Prompt
What you give back must match the records below word for word.

Excerpted records
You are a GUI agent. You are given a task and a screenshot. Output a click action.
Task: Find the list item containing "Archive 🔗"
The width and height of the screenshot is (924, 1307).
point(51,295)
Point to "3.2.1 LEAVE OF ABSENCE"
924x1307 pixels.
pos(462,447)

Answer
You are a GUI agent. You are given a task and a screenshot. Output a click action.
Task: Find the list item containing "Archive 🔗"
The width and height of the screenshot is (924, 1307).
point(51,295)
Point to "3.2.1 LEAVE OF ABSENCE"
924x1307 pixels.
pos(462,447)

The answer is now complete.